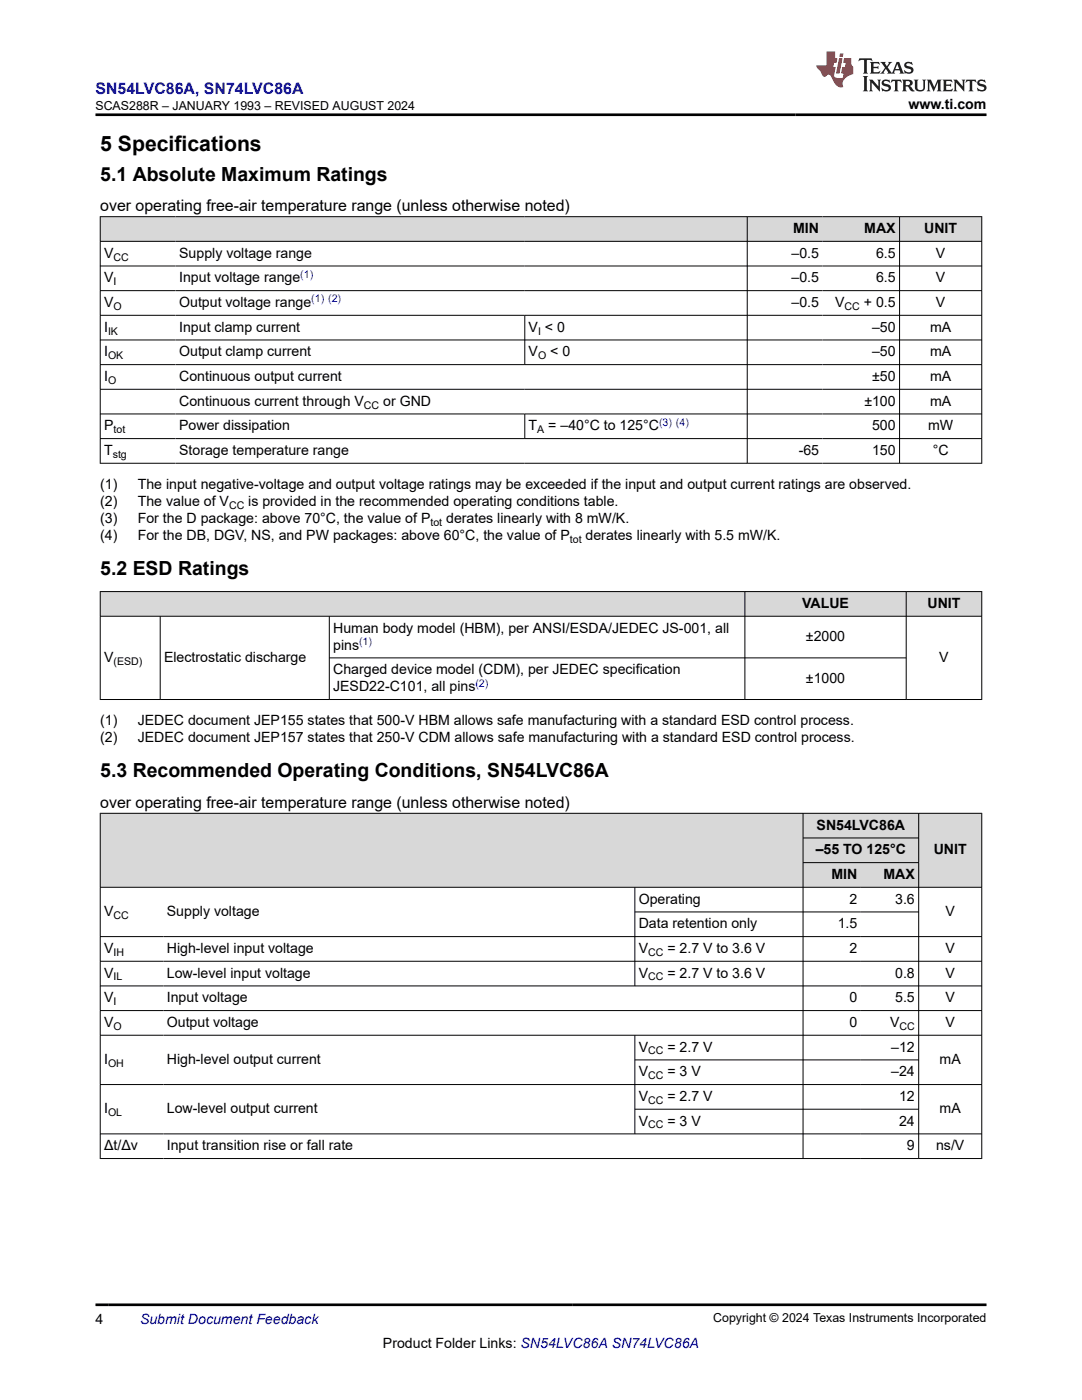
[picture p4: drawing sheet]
<svg xmlns="http://www.w3.org/2000/svg" width="216mm" height="279mm" viewBox="0 0 216 279" stroke-linecap="round" stroke-linejoin="round" font-family="sans-serif">
<defs><g id="words">
<text font-size="4.2" x="20" y="30.2">5 Specifications</text>
<g font-size="3.9">
<text x="20" y="36">5.1 Absolute Maximum Ratings</text>
<text x="20" y="114.7">5.2 ESD Ratings</text>
<text x="20" y="155.1">5.3 Recommended Operating Conditions, SN54LVC86A</text>
</g>
<text font-size="3.2" fill="#00f" x="19.1" y="18.7">SN54LVC86A, SN74LVC86A</text>
<g font-size="3.2">
<text x="20" y="42.2">over operating free-air temperature range (unless otherwise noted)</text>
<text x="20" y="161.3">over operating free-air temperature range (unless otherwise noted)</text>
</g>
<g font-size="2.8">
<text x="181.3" y="21.8">www.ti.com</text>
<text x="158.3" y="46.5">MIN</text>
<text x="172.5" y="46.5">MAX</text>
<text x="184.4" y="46.5">UNIT</text>
<text x="20.8" y="51.4">V</text>
<text x="35.8" y="51.4">Supply voltage range</text>
<text x="158" y="51.4">–0.5</text>
<text x="174.8" y="51.4">6.5</text>
<text x="186.8" y="51.4">V</text>
<text x="20.8" y="56.4">V</text>
<text x="35.8" y="56.4">Input voltage range</text>
<text x="158" y="56.4">–0.5</text>
<text x="174.8" y="56.4">6.5</text>
<text x="186.8" y="56.4">V</text>
<text x="20.8" y="61.3">V</text>
<text x="35.8" y="61.3">Output voltage range</text>
<text x="158" y="61.3">–0.5</text>
<text x="166.7" y="61.3">V</text>
<text x="172.4" y="61.3">+ 0.5</text>
<text x="186.8" y="61.3">V</text>
<text x="20.8" y="66.2">I</text>
<text x="20.8" y="71.1">I</text>
<text x="35.8" y="66.2">Input clamp current</text>
<text x="35.8" y="71.1">Output clamp current</text>
<text x="105.5" y="66.2">V &lt; 0</text>
<text x="105.5" y="71.1">V</text>
<text x="109.8" y="71.1">&lt; 0</text>
<text x="174" y="66.2">–50</text>
<text x="174" y="71.1">–50</text>
<text x="185.6" y="66.2">mA</text>
<text x="185.6" y="71.1">mA</text>
<text x="20.8" y="76">I</text>
<text x="35.8" y="76">Continuous output current</text>
<text x="174" y="76">±50</text>
<text x="185.6" y="76">mA</text>
<text x="35.8" y="81">Continuous current through V</text>
<text x="76.5" y="81">or GND</text>
<text x="172.5" y="81">±100</text>
<text x="185.6" y="81">mA</text>
<text x="20.8" y="85.9">P</text>
<text x="35.8" y="85.9">Power dissipation</text>
<text x="105.5" y="85.9">T</text>
<text x="109.4" y="85.9">= –40°C to 125°C</text>
<text x="174" y="85.9">500</text>
<text x="185.2" y="85.9">mW</text>
<text x="20.8" y="90.8">T</text>
<text x="35.8" y="90.8">Storage temperature range</text>
<text x="159.4" y="90.8">-65</text>
<text x="174" y="90.8">150</text>
<text x="186.1" y="90.8">°C</text>
<text x="20" y="97.6">(1)</text>
<text x="20" y="101">(2)</text>
<text x="27.5" y="97.6">The input negative-voltage and output voltage ratings may be exceeded if the input and output current ratings are observed.</text>
<text x="27.5" y="101">The value of V</text>
<text x="49.5" y="101">is provided in the recommended operating conditions table.</text>
<text x="20" y="104.4">(3)</text>
<text x="20" y="107.8">(4)</text>
<text x="27.5" y="107.8">For the DB, DGV, NS, and PW packages: above 60°C, the value of P</text>
<text x="27.5" y="104.4">For the D package: above 70°C, the value of P</text>
<text x="89" y="104.4">derates linearly with 8 mW/K.</text>
<text x="116.8" y="107.8">derates linearly with 5.5 mW/K.</text>
<text x="160" y="121.3">VALUE</text>
<text x="185.1" y="121.3">UNIT</text>
<text x="66.5" y="126.3">Human body model (HBM), per ANSI/ESDA/JEDEC JS-001, all</text>
<text x="66.5" y="129.6">pins</text>
<text x="160.8" y="128">±2000</text>
<text x="20.8" y="132.1">V</text>
<text x="32.7" y="132.1">Electrostatic discharge</text>
<text x="66.5" y="134.6">Charged device model (CDM), per JEDEC specification</text>
<text x="66.5" y="138">JESD22-C101, all pins</text>
<text x="160.8" y="136.3">±1000</text>
<text x="187.4" y="132.1">V</text>
<text x="20" y="144.8">(1)</text>
<text x="20" y="148.1">(2)</text>
<text x="27.5" y="144.8">JEDEC document JEP155 states that 500-V HBM allows safe manufacturing with a standard ESD control process.</text>
<text x="27.5" y="148.1">JEDEC document JEP157 states that 250-V CDM allows safe manufacturing with a standard ESD control process.</text>
<text x="162.9" y="165.6">SN54LVC86A</text>
<text x="162.8" y="170.5">–55 TO 125°C</text>
<text x="186.3" y="170.5">UNIT</text>
<text x="165.9" y="175.4">MIN</text>
<text x="176.3" y="175.4">MAX</text>
<text x="20.8" y="182.8">V</text>
<text x="33.3" y="182.8">Supply voltage</text>
<text x="127.4" y="180.4">Operating</text>
<text x="127.4" y="185.3">Data retention only</text>
<text x="167.1" y="185.3">1.5</text>
<text x="169.5" y="180.4">2</text>
<text x="178.6" y="180.4">3.6</text>
<text x="188.7" y="182.8">V</text>
<text x="20.8" y="190.2">V</text>
<text x="33.3" y="190.2">High-level input voltage</text>
<text x="127.4" y="190.2">V</text>
<text x="133.2" y="190.2">= 2.7 V to 3.6 V</text>
<text x="169.5" y="190.2">2</text>
<text x="188.7" y="190.2">V</text>
<text x="20.8" y="195.1">V</text>
<text x="33.3" y="195.1">Low-level input voltage</text>
<text x="127.4" y="195.1">V</text>
<text x="133.2" y="195.1">= 2.7 V to 3.6 V</text>
<text x="178.6" y="195.1">0.8</text>
<text x="188.7" y="195.1">V</text>
<text x="20.8" y="200">V</text>
<text x="33.3" y="200">Input voltage</text>
<text x="169.5" y="200">0</text>
<text x="178.6" y="200">5.5</text>
<text x="188.7" y="200">V</text>
<text x="20.8" y="205">V</text>
<text x="33.3" y="205">Output voltage</text>
<text x="127.4" y="209.9">V</text>
<text x="133.2" y="209.9">= 2.7 V</text>
<text x="169.5" y="205">0</text>
<text x="177.6" y="205">V</text>
<text x="177.8" y="209.9">–12</text>
<text x="188.7" y="205">V</text>
<text x="20.8" y="212.3">I</text>
<text x="33.3" y="212.3">High-level output current</text>
<text x="127.4" y="214.8">V</text>
<text x="133.2" y="214.8">= 3 V</text>
<text x="177.8" y="214.8">–24</text>
<text x="187.5" y="212.3">mA</text>
<text x="127.4" y="219.7">V</text>
<text x="133.2" y="219.7">= 2.7 V</text>
<text x="179.4" y="219.7">12</text>
<text x="20.8" y="222.2">I</text>
<text x="33.3" y="222.2">Low-level output current</text>
<text x="127.4" y="224.6">V</text>
<text x="133.2" y="224.6">= 3 V</text>
<text x="179.4" y="224.6">24</text>
<text x="187.5" y="222.2">mA</text>
<text x="20.8" y="229.6">Δt/Δv</text>
<text x="33.3" y="229.6">Input transition rise or fall rate</text>
<text x="181" y="229.6">9</text>
<text x="186.8" y="229.6">ns/V</text>
<text x="19.1" y="264.2">4</text>
<text x="76.4" y="269">Product Folder Links: SN54LVC86A SN74LVC86A</text>
</g>
<text font-size="2.8" fill="#00f" x="27.9" y="264.2">Submit Document Feedback</text>
<g font-size="2.5">
<text x="19" y="21.9">SCAS288R – JANUARY 1993 – REVISED AUGUST 2024</text>
<text x="142.3" y="263.9">Copyright © 2024 Texas Instruments Incorporated</text>
</g>
<g font-size="2.1">
<text x="22.6" y="52">CC</text>
<text x="22.6" y="56.9">I</text>
<text x="22.6" y="61.8">O</text>
<text x="168.5" y="61.8">CC</text>
<text x="21.6" y="66.8">IK</text>
<text x="21.6" y="71.7">OK</text>
<text x="107.4" y="66.8">I</text>
<text x="107.4" y="71.7">O</text>
<text x="21.6" y="76.6">O</text>
<text x="72.6" y="81.5">CC</text>
<text x="22.6" y="86.4">tot</text>
<text x="107.2" y="86.4">A</text>
<text x="22.5" y="91.4">stg</text>
<text x="45.7" y="101.6">CC</text>
<text x="85.9" y="104.9">tot</text>
<text x="113.7" y="108.3">tot</text>
<text x="22.6" y="132.7">(ESD)</text>
<text x="22.6" y="183.4">CC</text>
<text x="22.6" y="190.8">IH</text>
<text x="129.3" y="190.8">CC</text>
<text x="22.6" y="195.7">IL</text>
<text x="129.3" y="195.7">CC</text>
<text x="22.6" y="200.6">I</text>
<text x="22.6" y="205.5">O</text>
<text x="179.5" y="205.5">CC</text>
<text x="21.6" y="212.9">OH</text>
<text x="129.3" y="210.4">CC</text>
<text x="129.3" y="215.4">CC</text>
<text x="129.3" y="220.3">CC</text>
<text x="21.6" y="222.7">OL</text>
<text x="129.3" y="225.2">CC</text>
</g>
<g font-size="2.1" fill="#00f">
<text x="59.9" y="55.4">(1)</text>
<text x="62.1" y="60.3">(1) (2)</text>
<text x="131.5" y="84.9">(3) (4)</text>
<text x="71.7" y="128.7">(1)</text>
<text x="94.9" y="137">(2)</text>
</g>
</g></defs>
<g fill="#d8d8d8">
<path d="M20 43.2h175.9v5h-175.9z" fill-rule="evenodd"/>
<path d="M20.1 43.3h14.9v4.8h-14.9z" fill-rule="evenodd"/>
<path d="M35 43.3h69.7v4.8h-69.7z" fill-rule="evenodd"/>
<path d="M104.7 43.3h44.3v4.8h-44.3z" fill-rule="evenodd"/>
<path d="M149.2 43.3h15v4.8h-15z" fill-rule="evenodd"/>
<path d="M164.2 43.3h15.2v4.8h-15.2z" fill-rule="evenodd"/>
<path d="M179.6 43.3h16.2v4.8h-16.2z" fill-rule="evenodd"/>
</g>
<g fill="none" stroke="#000" stroke-width=".2">
<path d="M19.9 43.2h176.1M19.9 48.2h176.1M19.9 53.1h176.1M19.9 58h176.1M20 43.2v49.3M149.1 43.2v49.3M179.5 43.2v49.3M195.9 43.2v49.3M19.9 62.9h176.1M19.9 67.8h176.1M19.9 72.8h176.1M19.9 77.7h176.1"/>
<path d="M104.7 62.9v9.9M19.9 82.6h176.1M19.9 87.5h176.1M19.9 92.5h176.1M104.7 82.6v5"/>
</g>
<g fill="#d8d8d8">
<path d="M20 118.1h175.9v4.9h-175.9z" fill-rule="evenodd"/>
<path d="M20.1 118.1h128.5v4.8h-128.5z" fill-rule="evenodd"/>
<path d="M148.7 118.1h32.1v4.8h-32.1z" fill-rule="evenodd"/>
<path d="M180.9 118.1h14.9v4.8h-14.9z" fill-rule="evenodd"/>
</g>
<path d="M19.9 118.1h176.1M20 118v21.7M148.6 118v21.7M180.8 118v21.7M195.9 118v21.7M19.9 123h176.1M19.9 139.6h176.1M32 123v16.7M65.7 123v16.7M65.7 131.3h115.2" fill="none" stroke="#000" stroke-width=".2"/>
<g fill="#d8d8d8">
<path d="M20 162.3h175.9v4.9h-175.9z" fill-rule="evenodd"/>
<path d="M20.1 162.4h140.1v14.6h-140.1z" fill-rule="evenodd"/>
<path d="M160.3 162.4h23v4.8h-23z" fill-rule="evenodd"/>
<path d="M183.4 162.4h12.4v14.6h-12.4z" fill-rule="evenodd"/>
<path d="M160.3 167.3h23v4.8h-23z" fill-rule="evenodd"/>
<path d="M160.3 172.2h11.5v4.8h-11.5z" fill-rule="evenodd"/>
<path d="M171.8 172.2h11.5v4.8h-11.5z" fill-rule="evenodd"/>
</g>
<g fill="none" stroke="#000" stroke-width=".2">
<path d="M19.9 162.3h176.1M19.9 177.1h176.1M20 162.3v69M126.7 177.1v19.7M160.2 162.3v69M160.2 167.2h23.2M160.2 172.2h23.2M183.3 162.3v69M195.9 162.3v69M19.9 186.9h176.1M19.9 191.8h176.1M19.9 196.8h176.1"/>
<path d="M126.7 182h56.7M19.9 201.7h176.1M19.9 206.6h176.1M19.9 216.4h176.1M126.7 206.6v19.8M126.7 211.5h56.7M19.9 226.3h176.1M19.9 231.2h176.1M126.7 221.4h56.7"/>
</g>
<path d="M171.5 11.6l-.2 .6 .5-.2h.6v.1v2.2l-.2 .4h1l-.2-.4v-2.2v-.1h.5l.6 .2-.2-.6zM173.6 12.4l.2 .3v1.6l-.2 .4h1.9l.1-.6a1.08 1.08 0 0 1-1.3 .2v-.7h.6l.4 .2v-.7l-.4 .2h-.6v-.5l.2-.2a1 1 0 0 1 1 .3l-.1-.5zM175.7 12.4l.9 1.1-1 1.2h.9l-.2-.2 .5-.8 .4 .8-.2 .2h1.6l-.2-.2 .2-.5h.9l.1 .5-.1 .2h.9l-.2-.4-.8-1.9h-.5l-.9 2.1-.9-1.1 .9-1h-.8l.2 .2-.4 .6-.4-.6 .2-.2zM179 12.8l.4 1h-.7zM180.7 12.5a.65 .65 0 0 0-.2 .7 .65 .65 0 0 0 .6 .5l.6 .1 .1 .3a.79 .79 0 0 1-.7 .4 .79 .79 0 0 1-.7-.5l.1 .7 .2-.1a.93 .93 0 0 0 1.1 0 .93 .93 0 0 0 .4-.9 1.46 1.46 0 0 0-1.2-.6l-.1-.3a1.09 1.09 0 0 1 1.2 .2l-.2-.6-.1 .1-.5-.2zM172.2 15.2l.2 .4v2.2l-.2 .4h1l-.2-.4v-2.2l.2-.4zM173.4 15.9l.2 .4v1.5l-.2 .4h.8l-.3-.4 .1-1.3 1.6 1.8v-2l.2-.4h-.7l.1 .2 .1 1.1-1.2-1.3zM176.2 16a.65 .65 0 0 0-.2 .8 .65 .65 0 0 0 .6 .4l.6 .2 .1 .2a.79 .79 0 0 1-.7 .4 .79 .79 0 0 1-.7-.5l.1 .7 .2-.1a.93 .93 0 0 0 1.1 .1 .93 .93 0 0 0 .4-1 1.46 1.46 0 0 0-1.2-.5l-.1-.4a1.09 1.09 0 0 1 1.2 .2l-.1-.6-.2 .1-.5-.1zM177.9 15.9l-.1 .6a.63 .63 0 0 1 .8-.3v1.6l-.3 .4h1l-.2-.4v-1.6a.66 .66 0 0 1 .8 .3l-.1-.6zM180 15.9l.2 .4v1.5l-.2 .4h1l-.2-.2-.1-.7h.5l.1 .2a.79 .79 0 0 0 1.2 .6l-1-.9a.61 .61 0 0 0 .6-.6 .61 .61 0 0 0-.5-.7zM180.8 16.2h.1a.47 .47 0 0 1 .5 .1 .47 .47 0 0 1 .1 .5l-.1 .1-.7 .1zM182.3 15.9l.2 .2a2.27 2.27 0 0 0 .4 2 1.04 1.04 0 0 0 1.7-.7v-1.3l.2-.2h-.8l.2 .4v1.1a.6 .6 0 0 1-.6 .6 .6 .6 0 0 1-.6-.6v-1.1l.3-.4zM184.9 15.9l.2 .4v1.5l-.2 .4h.8l-.3-.4v-1.4l.9 1.9 .9-1.9v1.4l-.3 .4h1l-.2-.4v-1.5l.2-.4h-.8l-.7 1.5-.6-1.5zM188.1 15.9l.2 .4v1.5l-.2 .4h1.9l.1-.6a1.09 1.09 0 0 1-1.3 .2v-.7h.6l.4 .2v-.6l-.4 .2h-.6v-.6l.2-.1a1.01 1.01 0 0 1 1 .3l-.1-.6zM190.2 15.9l.3 .4v1.5l-.3 .4h.8l-.2-.4v-1.3l1.6 1.8v-2l.2-.4h-.7l.2 .2v1.1l-1.2-1.3zM192.8 15.9l-.1 .6a.63 .63 0 0 1 .8-.3v1.6l-.3 .4h1l-.2-.4v-1.6a.66 .66 0 0 1 .8 .3l-.1-.6zM195.2 16a.65 .65 0 0 0-.2 .8 .65 .65 0 0 0 .6 .4l.6 .2 .2 .2a.79 .79 0 0 1-.7 .4 .79 .79 0 0 1-.7-.5l.1 .7 .2-.1a.93 .93 0 0 0 1 .1 .93 .93 0 0 0 .5-1 1.46 1.46 0 0 0-1.3-.5v-.4a1.09 1.09 0 0 1 1.2 .2l-.2-.6-.2 .1-.5-.1z" fill="#231f20"/>
<path d="M164.9 10.3v2.7h-2l.1 .4 .8 1a.95 .95 0 0 0 1 .9 .59 .59 0 0 1 .5-.4 .59 .59 0 0 1 .5 .3l.4 .8a1.59 1.59 0 0 0 2.1 1.4 1.61 1.61 0 0 1 1-2.3l1-.3-.1-1.5a1.59 1.59 0 0 1-.3-1.7h-1.5l-.2 .9h.6l-.2 .9h-.5l-.2 .9v.3l.4 .1-.1 .9h-.7a.73 .73 0 0 1-1-.7l.3-1.5h-.5l.1-.9h.5l.2-.9h-.5v-1.3zM167.4 11.6l-.6 3.1h.7l.6-3.1zM167.6 10.7l-.1 .6h.7l.1-.6z" fill="#ed1c24"/>
<path d="M19.1 22.9h177.8M19.1 260.4h177.8" fill="none" stroke="#000" stroke-width=".53"/>
<use href="#words"/>
</svg>

WHAT IS NEEDED: In the records above, locate each line with the word "JEDEC". Copy all such lines.

TASK RESPONSE:
<text x="66.5" y="126.3">Human body model (HBM), per ANSI/ESDA/JEDEC JS-001, all</text>
<text x="66.5" y="134.6">Charged device model (CDM), per JEDEC specification</text>
<text x="27.5" y="144.8">JEDEC document JEP155 states that 500-V HBM allows safe manufacturing with a standard ESD control process.</text>
<text x="27.5" y="148.1">JEDEC document JEP157 states that 250-V CDM allows safe manufacturing with a standard ESD control process.</text>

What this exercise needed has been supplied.